Myth 2: “I’ll lose power during the switch”

“This is physically impossible because your gas and electricity flows through the same pipes and cables regardless of who is charging you. Engineers will only need to visit if you’re moving house or getting a new meter installed. For a standard switch, no one needs to come to your home.”

Myth 3: “I’m stuck in my contract”

“22 million households are on the Standard Variable Rate, and it’s likely that their original contract has ended. And the chances are even higher if you’ve not moved suppliers in the past 12 months.

“If you are in contract, watch out for early exit fees which can cost up to £50 per fuel. However, if you’re within the last 49 days of your contract, your supplier can’t charge these exit fees. So, you could switch sooner than you think.”

Myth 4: “All energy deals are the same”

“Prices are still much higher than they were before the energy crisis, and it’s likely to stay that way. But most suppliers are now offering deals that undercut the energy price cap, meaning genuine savings are available.

“Just be careful because these deals will often lock you in for at least a year, and early exit fees can add up. So, make sure you read the small print, before committing to any deals.”

Myth 5: “Switching will damage my credit score”

“Energy switching doesn’t appear on your credit report and won’t harm your credit score.
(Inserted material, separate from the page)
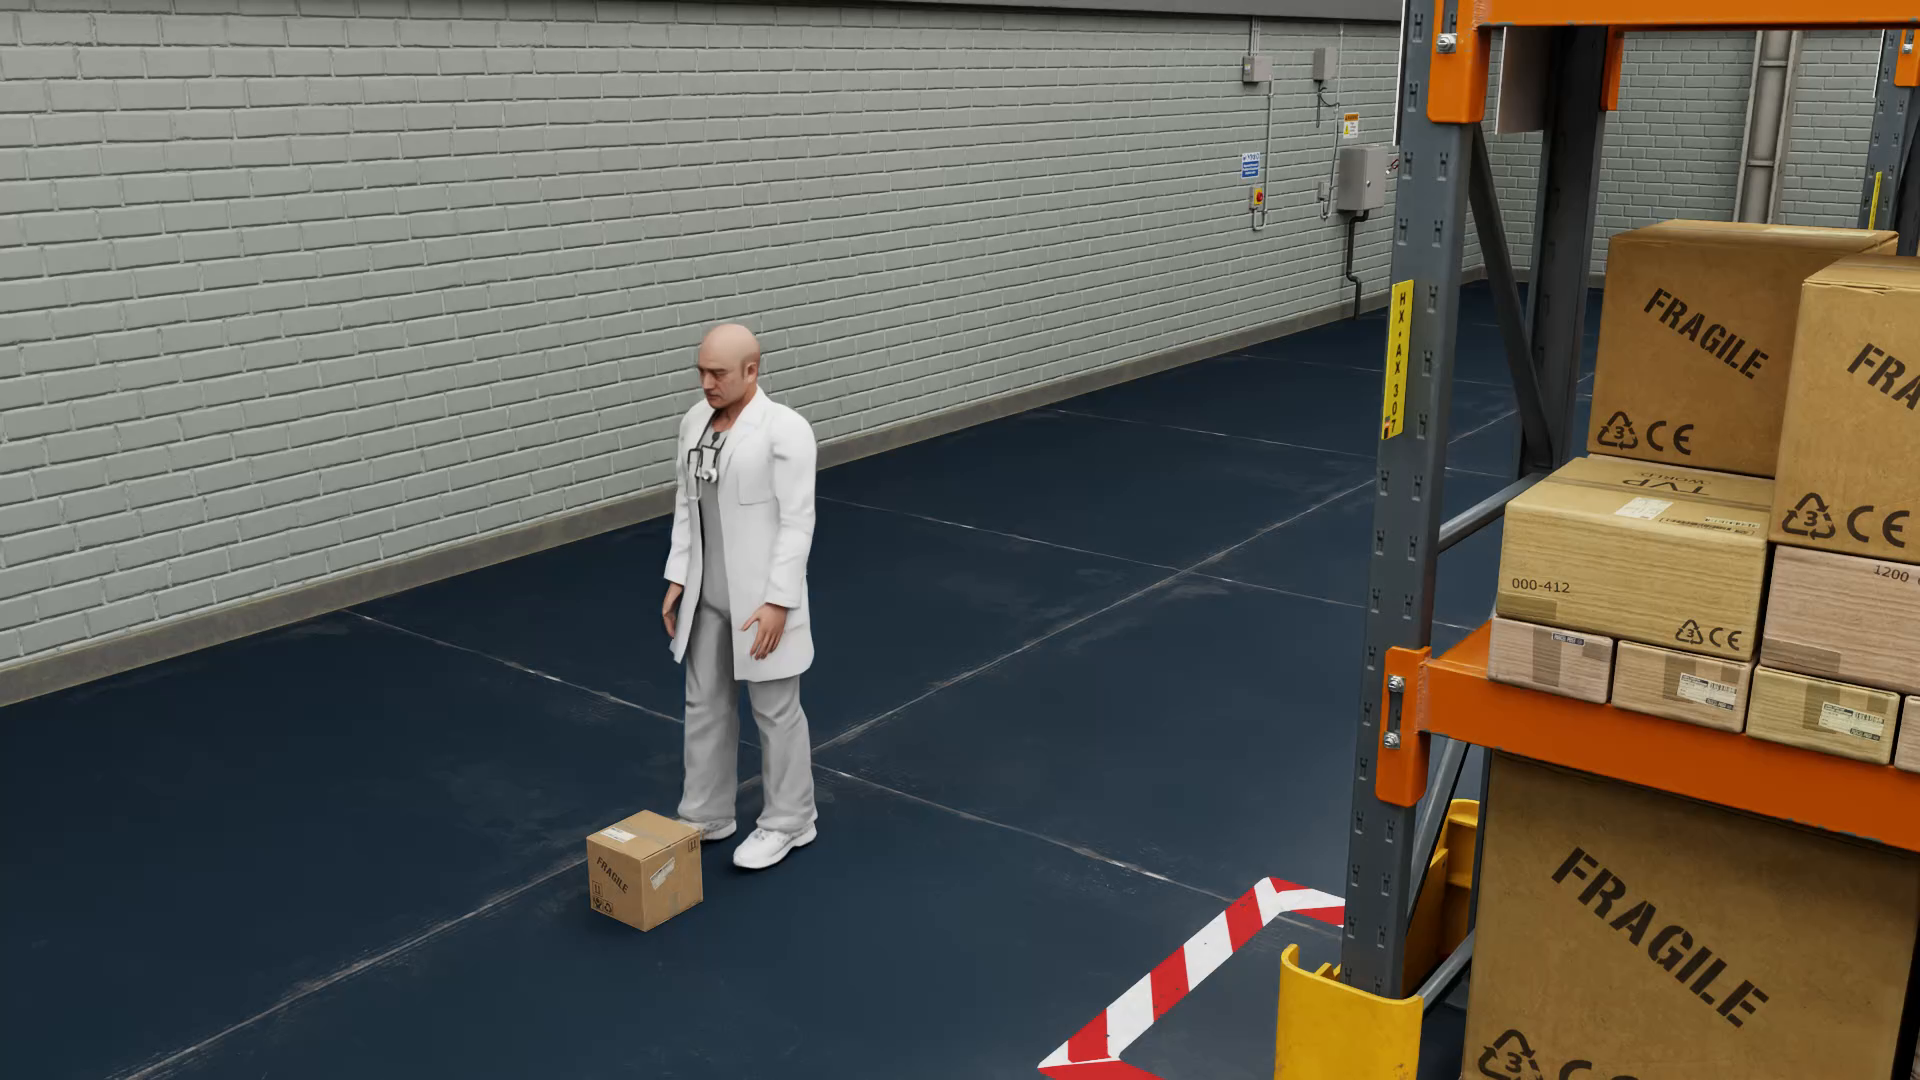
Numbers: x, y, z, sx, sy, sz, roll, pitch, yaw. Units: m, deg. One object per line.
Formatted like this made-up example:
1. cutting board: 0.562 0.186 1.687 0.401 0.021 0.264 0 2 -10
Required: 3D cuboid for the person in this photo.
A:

“However, it’s worth remembering that setting up a new Direct Debit could require a soft credit search, so check your report before switching to make sure all the information on it is correct and up to date.”

Alastair Douglas adds:

“Energy firms need to be more transparent with customers, because these myths are not only leaving households cold, but also out of pocket. 22 million are currently paying the maximum amount suppliers are allowed to charge for energy.

“Loyalty doesn’t pay, but changing energy suppliers can – and that’s why we’ve launched a new energy switching service. Comparing providers takes minutes, and your energy supply won’t be affected during the changeover. So, check to see if you’re free to switch, and if you’ve not changed providers in the last year, then it’s likely that you can start saving money.”